The New Year began on a shaky note on Dalal Street. After rising for three consecutive weeks in December, stock markets witnessed volatility in the first week of January, with the Sensex and the Nifty declining 4% and 3.7%, respectively.
The instability was largely due to skyrocketing inflation. Food inflation during the week rose to 18.3% as compared to 14.4% in the last week of December. The IIP numbers too were not encouraging. Industrial growth plunged to 2.7% in November as compared to an expansion of 11.3% in the same month a year ago. The pulling out by FIIs and a hike in interest rates by the RBI still remains a concern.
Though the medium- and longterm prospects continue to be positive, analysts believe that the markets might face some near-term headwinds. Also, volatility may persist for some time. Since it isn't possible to control the market sentiments, it would be better to focus our attention on the sectors we are invested in. This would give us a more accurate picture of the growth prospects of the Money Today-Value Research model portfolios. Stable Growth has given a 1.4% return since its inception in May 2010.
The low-risk portfolio has the highest equity allocation of 19.32% in the financial sector. Though the sector growth has been steady in the past year, recent issues, such as tight liquidity and hike in key policy rates by RBI, have somewhat hurt its performance. However, according to Sharekhan, banks are expected to post strong growth in their net income in the third quarter. This would mainly be driven by an increase in the credit growth along with a rise in the prime lending rate.
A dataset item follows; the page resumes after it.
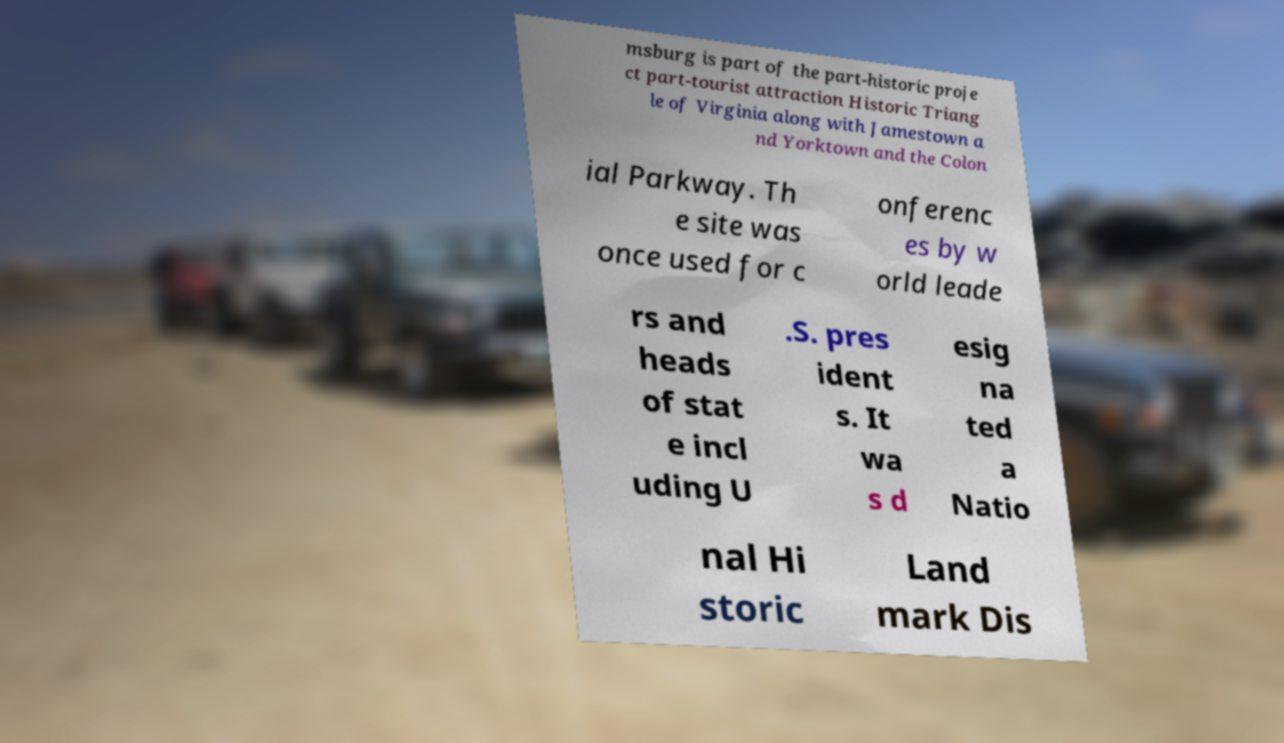There's text embedded in this image that I need extracted. Can you transcribe it verbatim? msburg is part of the part-historic proje ct part-tourist attraction Historic Triang le of Virginia along with Jamestown a nd Yorktown and the Colon ial Parkway. Th e site was once used for c onferenc es by w orld leade rs and heads of stat e incl uding U .S. pres ident s. It wa s d esig na ted a Natio nal Hi storic Land mark Dis

- The Union budget in March will be crucial in giving a direction to the market.
- With increasing inflationary pressure, a further rise in interest rates by the central bank will have a negative impact on the rate-sensitive sectors.
- The third-quarter result of the manufacturing sector is likely to reveal tight margins due to high input cost.
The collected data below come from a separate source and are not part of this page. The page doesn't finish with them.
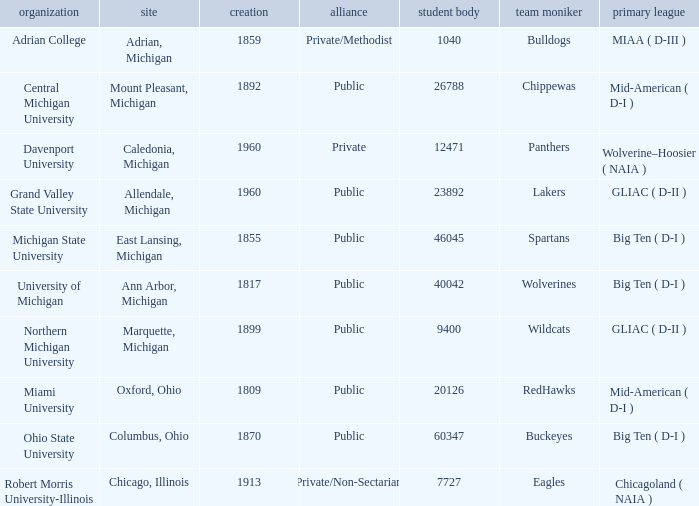Where is Robert Morris University-Illinois held? Chicago, Illinois. 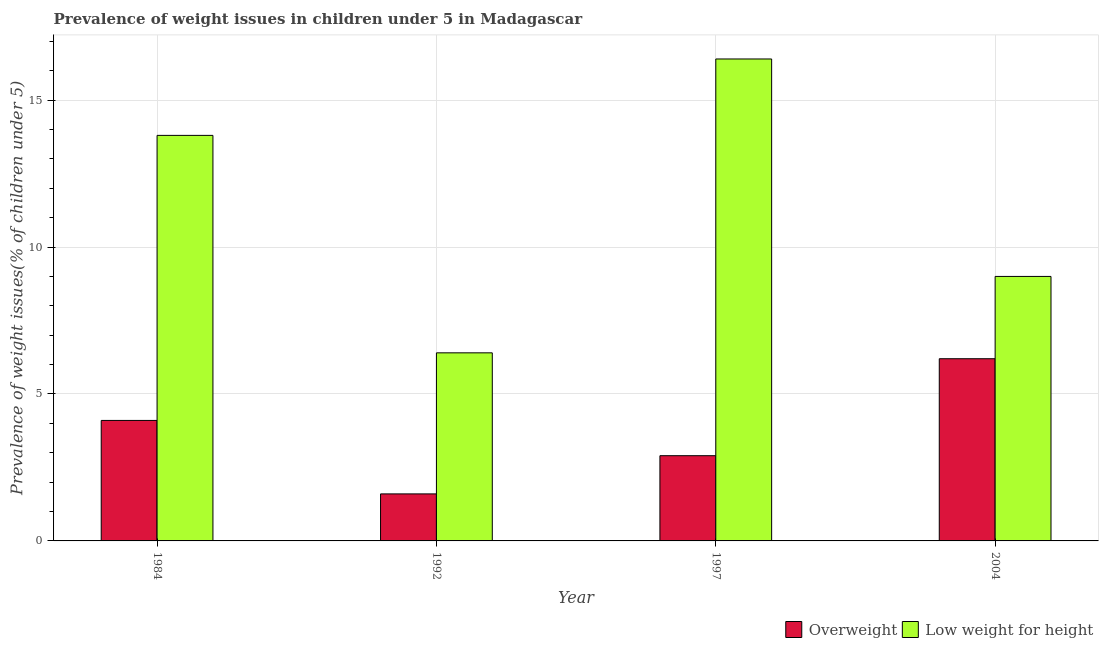How many different coloured bars are there?
Your response must be concise. 2. How many bars are there on the 3rd tick from the left?
Ensure brevity in your answer.  2. In how many cases, is the number of bars for a given year not equal to the number of legend labels?
Offer a terse response. 0. What is the percentage of overweight children in 1997?
Offer a terse response. 2.9. Across all years, what is the maximum percentage of overweight children?
Ensure brevity in your answer.  6.2. Across all years, what is the minimum percentage of underweight children?
Your answer should be very brief. 6.4. In which year was the percentage of underweight children maximum?
Your answer should be very brief. 1997. What is the total percentage of overweight children in the graph?
Offer a very short reply. 14.8. What is the difference between the percentage of underweight children in 1992 and that in 1997?
Offer a very short reply. -10. What is the difference between the percentage of underweight children in 1984 and the percentage of overweight children in 2004?
Ensure brevity in your answer.  4.8. What is the average percentage of overweight children per year?
Give a very brief answer. 3.7. In the year 1997, what is the difference between the percentage of overweight children and percentage of underweight children?
Your response must be concise. 0. What is the ratio of the percentage of underweight children in 1992 to that in 1997?
Your response must be concise. 0.39. Is the difference between the percentage of overweight children in 1997 and 2004 greater than the difference between the percentage of underweight children in 1997 and 2004?
Your answer should be compact. No. What is the difference between the highest and the second highest percentage of underweight children?
Offer a very short reply. 2.6. What is the difference between the highest and the lowest percentage of overweight children?
Your answer should be compact. 4.6. What does the 2nd bar from the left in 1992 represents?
Keep it short and to the point. Low weight for height. What does the 2nd bar from the right in 1984 represents?
Your response must be concise. Overweight. How many years are there in the graph?
Keep it short and to the point. 4. Does the graph contain any zero values?
Give a very brief answer. No. Where does the legend appear in the graph?
Ensure brevity in your answer.  Bottom right. How are the legend labels stacked?
Provide a short and direct response. Horizontal. What is the title of the graph?
Your answer should be compact. Prevalence of weight issues in children under 5 in Madagascar. Does "Time to export" appear as one of the legend labels in the graph?
Ensure brevity in your answer.  No. What is the label or title of the Y-axis?
Give a very brief answer. Prevalence of weight issues(% of children under 5). What is the Prevalence of weight issues(% of children under 5) in Overweight in 1984?
Keep it short and to the point. 4.1. What is the Prevalence of weight issues(% of children under 5) of Low weight for height in 1984?
Your answer should be compact. 13.8. What is the Prevalence of weight issues(% of children under 5) of Overweight in 1992?
Offer a terse response. 1.6. What is the Prevalence of weight issues(% of children under 5) of Low weight for height in 1992?
Keep it short and to the point. 6.4. What is the Prevalence of weight issues(% of children under 5) in Overweight in 1997?
Keep it short and to the point. 2.9. What is the Prevalence of weight issues(% of children under 5) of Low weight for height in 1997?
Provide a short and direct response. 16.4. What is the Prevalence of weight issues(% of children under 5) of Overweight in 2004?
Your response must be concise. 6.2. What is the Prevalence of weight issues(% of children under 5) in Low weight for height in 2004?
Your answer should be compact. 9. Across all years, what is the maximum Prevalence of weight issues(% of children under 5) in Overweight?
Offer a very short reply. 6.2. Across all years, what is the maximum Prevalence of weight issues(% of children under 5) of Low weight for height?
Provide a short and direct response. 16.4. Across all years, what is the minimum Prevalence of weight issues(% of children under 5) in Overweight?
Keep it short and to the point. 1.6. Across all years, what is the minimum Prevalence of weight issues(% of children under 5) of Low weight for height?
Offer a terse response. 6.4. What is the total Prevalence of weight issues(% of children under 5) in Overweight in the graph?
Give a very brief answer. 14.8. What is the total Prevalence of weight issues(% of children under 5) of Low weight for height in the graph?
Ensure brevity in your answer.  45.6. What is the difference between the Prevalence of weight issues(% of children under 5) in Low weight for height in 1984 and that in 1992?
Keep it short and to the point. 7.4. What is the difference between the Prevalence of weight issues(% of children under 5) of Overweight in 1984 and that in 2004?
Your answer should be very brief. -2.1. What is the difference between the Prevalence of weight issues(% of children under 5) of Low weight for height in 1992 and that in 2004?
Give a very brief answer. -2.6. What is the difference between the Prevalence of weight issues(% of children under 5) of Low weight for height in 1997 and that in 2004?
Your response must be concise. 7.4. What is the difference between the Prevalence of weight issues(% of children under 5) of Overweight in 1984 and the Prevalence of weight issues(% of children under 5) of Low weight for height in 1992?
Your answer should be very brief. -2.3. What is the difference between the Prevalence of weight issues(% of children under 5) in Overweight in 1992 and the Prevalence of weight issues(% of children under 5) in Low weight for height in 1997?
Make the answer very short. -14.8. What is the difference between the Prevalence of weight issues(% of children under 5) of Overweight in 1992 and the Prevalence of weight issues(% of children under 5) of Low weight for height in 2004?
Offer a terse response. -7.4. What is the difference between the Prevalence of weight issues(% of children under 5) of Overweight in 1997 and the Prevalence of weight issues(% of children under 5) of Low weight for height in 2004?
Your answer should be very brief. -6.1. What is the average Prevalence of weight issues(% of children under 5) in Low weight for height per year?
Your response must be concise. 11.4. In the year 1984, what is the difference between the Prevalence of weight issues(% of children under 5) of Overweight and Prevalence of weight issues(% of children under 5) of Low weight for height?
Your answer should be very brief. -9.7. In the year 2004, what is the difference between the Prevalence of weight issues(% of children under 5) of Overweight and Prevalence of weight issues(% of children under 5) of Low weight for height?
Keep it short and to the point. -2.8. What is the ratio of the Prevalence of weight issues(% of children under 5) of Overweight in 1984 to that in 1992?
Keep it short and to the point. 2.56. What is the ratio of the Prevalence of weight issues(% of children under 5) in Low weight for height in 1984 to that in 1992?
Provide a succinct answer. 2.16. What is the ratio of the Prevalence of weight issues(% of children under 5) of Overweight in 1984 to that in 1997?
Ensure brevity in your answer.  1.41. What is the ratio of the Prevalence of weight issues(% of children under 5) in Low weight for height in 1984 to that in 1997?
Ensure brevity in your answer.  0.84. What is the ratio of the Prevalence of weight issues(% of children under 5) in Overweight in 1984 to that in 2004?
Ensure brevity in your answer.  0.66. What is the ratio of the Prevalence of weight issues(% of children under 5) of Low weight for height in 1984 to that in 2004?
Your answer should be compact. 1.53. What is the ratio of the Prevalence of weight issues(% of children under 5) in Overweight in 1992 to that in 1997?
Provide a succinct answer. 0.55. What is the ratio of the Prevalence of weight issues(% of children under 5) in Low weight for height in 1992 to that in 1997?
Your answer should be compact. 0.39. What is the ratio of the Prevalence of weight issues(% of children under 5) in Overweight in 1992 to that in 2004?
Your answer should be compact. 0.26. What is the ratio of the Prevalence of weight issues(% of children under 5) in Low weight for height in 1992 to that in 2004?
Ensure brevity in your answer.  0.71. What is the ratio of the Prevalence of weight issues(% of children under 5) in Overweight in 1997 to that in 2004?
Offer a very short reply. 0.47. What is the ratio of the Prevalence of weight issues(% of children under 5) of Low weight for height in 1997 to that in 2004?
Your response must be concise. 1.82. What is the difference between the highest and the second highest Prevalence of weight issues(% of children under 5) in Overweight?
Provide a succinct answer. 2.1.

Sharekhan also predicts the profits will go up by 22% on a year-on-year basis, led by a strong growth in their net interest income. With 13.3% of equity fund allocation, energy is the second most important sector in this portfolio. Brent crude oil prices crossed $94 per barrel in December, primarily led by the positive outlook on global demand and a weak dollar.
Also, the Singapore GRM (gross refining margins) remained strong at $6.3 per barrel. Motilal Oswal expects the higher GRMs to benefit global scale refiners, such as Reliance Industries, the most. Also, it expects petrochemical companies to continue to perform well. Overall, Motilal Oswal remains positive on the sector's growth.
Technology is another important sector with almost 11% of equity funds parked in these scrips. Prabhudas Lilladher expects the overall demand of the Indian IT sector to strengthen in the next financial year. They predict it to be led by factors such as an uptick in the IT budget by 1-2% in March, increase in market share and strong deals in the near-future.
The company continues to remain positive on this sector and expects the volume growth of top IT firms to be as high as 30% on a year-on-year basis for the financial year 2012-13. The other three portfolios also performed fairly well. Both Wealth Maximizer and Money Builder gave a return of 1.2%. Their returns were affected by the short-term volatility but are expected to get back on track once the markets stabilise. With 4.4% return, the Income Generator gave the highest return. We will examine this portfolio in detail in the next issue.